Long story short, last winter our hosting provider (which happens to be the most incompetent company I've dealt with in the last decade; oh the stories I could tell) migrated our fully-managed system to their shiny new and improved facility, and in the process finagled a renegotiation of our contract which omitted a lot of the services that had been "standard" beforehand, like the virtual private network between our office and our servers.
When this oversight was brought to the attention of the paper pushers and check signers, our hosting provider explained to us that they'd be happy to provide the service to us for a mere few thousand dollars a month over our existing service charge. Now, you have to understand that we're a B2B company, and some of our clients are very finicky about security, and commonly audit the way we run our shop to make sure we don't represent a chink in their armor, so having a VPN is critical to our business. But, we're a small company, and that's a pretty large bite out of our bottom line, so we started looking at alternatives.

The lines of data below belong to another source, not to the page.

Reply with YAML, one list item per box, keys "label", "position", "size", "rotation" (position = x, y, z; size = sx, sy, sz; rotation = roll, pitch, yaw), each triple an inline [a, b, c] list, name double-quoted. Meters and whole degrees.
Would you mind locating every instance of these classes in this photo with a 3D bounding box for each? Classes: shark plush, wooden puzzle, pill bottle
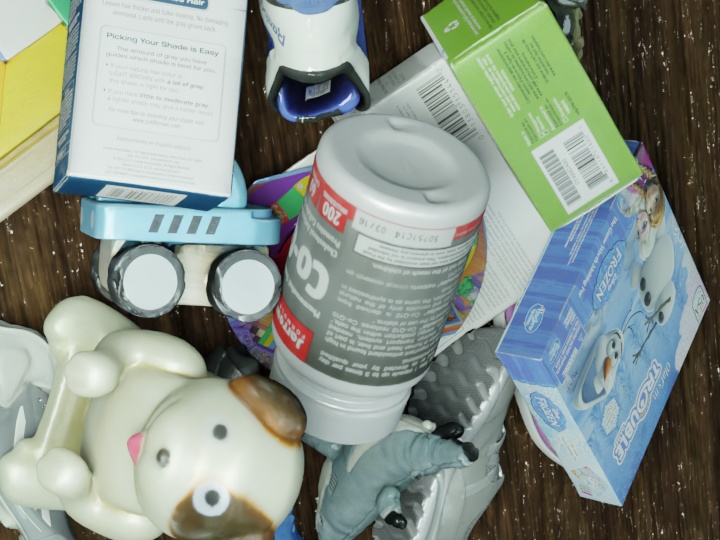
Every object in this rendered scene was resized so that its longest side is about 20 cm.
- label: "shark plush"
  position: [0.032, 0.149, 1.197]
  size: [0.090, 0.199, 0.084]
  rotation: [23, 65, -37]
- label: "wooden puzzle"
  position: [-0.214, -0.150, 1.019]
  size: [0.200, 0.037, 0.185]
  rotation: [-39, 97, -15]
- label: "pill bottle"
  position: [0.005, 0.009, 1.099]
  size: [0.113, 0.114, 0.201]
  rotation: [-4, 129, -28]

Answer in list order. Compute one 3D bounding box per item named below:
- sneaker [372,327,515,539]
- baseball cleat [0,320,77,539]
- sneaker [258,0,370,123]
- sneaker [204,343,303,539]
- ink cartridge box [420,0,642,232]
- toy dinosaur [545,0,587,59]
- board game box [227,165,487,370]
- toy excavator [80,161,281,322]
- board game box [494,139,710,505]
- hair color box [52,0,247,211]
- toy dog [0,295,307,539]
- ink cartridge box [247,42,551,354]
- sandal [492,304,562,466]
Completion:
- label: "sneaker"
  position: [0.077, 0.136, 1.290]
  size: [0.082, 0.075, 0.201]
  rotation: [14, 106, -40]
- label: "baseball cleat"
  position: [-0.218, 0.111, 1.109]
  size: [0.106, 0.070, 0.201]
  rotation: [-37, 118, -14]
- label: "sneaker"
  position: [-0.034, -0.159, 1.078]
  size: [0.080, 0.200, 0.116]
  rotation: [-1, 109, 1]
- label: "sneaker"
  position: [-0.062, 0.139, 1.199]
  size: [0.111, 0.077, 0.200]
  rotation: [-40, 112, -4]
- label: "ink cartridge box"
  position: [0.106, -0.138, 1.171]
  size: [0.075, 0.200, 0.148]
  rotation: [-32, 117, 5]
- label: "toy dinosaur"
  position: [0.161, -0.249, 1.246]
  size: [0.088, 0.047, 0.201]
  rotation: [-22, 109, -16]
- label: "board game box"
  position: [0.000, 0.000, 1.187]
  size: [0.198, 0.039, 0.159]
  rotation: [-15, 116, -9]
- label: "toy excavator"
  position: [-0.145, -0.073, 1.095]
  size: [0.193, 0.100, 0.202]
  rotation: [3, 93, -18]
- label: "board game box"
  position: [0.190, 0.041, 1.271]
  size: [0.201, 0.043, 0.199]
  rotation: [-62, 141, -26]
- label: "hair color box"
  position: [-0.123, -0.143, 1.004]
  size: [0.099, 0.060, 0.202]
  rotation: [7, 81, -18]
- label: "toy dog"
  position: [-0.111, 0.115, 1.026]
  size: [0.193, 0.200, 0.140]
  rotation: [30, 80, -27]
- label: "ink cartridge box"
  position: [0.035, -0.036, 1.229]
  size: [0.176, 0.045, 0.200]
  rotation: [-34, 118, 2]
- label: "sandal"
  position: [0.161, 0.090, 1.328]
  size: [0.082, 0.050, 0.203]
  rotation: [-41, 119, -14]

The first one we checked out was Hamachi. Hamachi is beautifully simplistic, but so simple that it lacked two critical features. First of all, it didn't run as a service, and thus stopped as soon as you logged out of the machine, and Heaven forbid your remote machine rebooted on you and you couldn't get back to it. Secondly, Windows Remote Desktop (a.k.a. Terminal Services) doesn't work over it. That last one is mind boggling.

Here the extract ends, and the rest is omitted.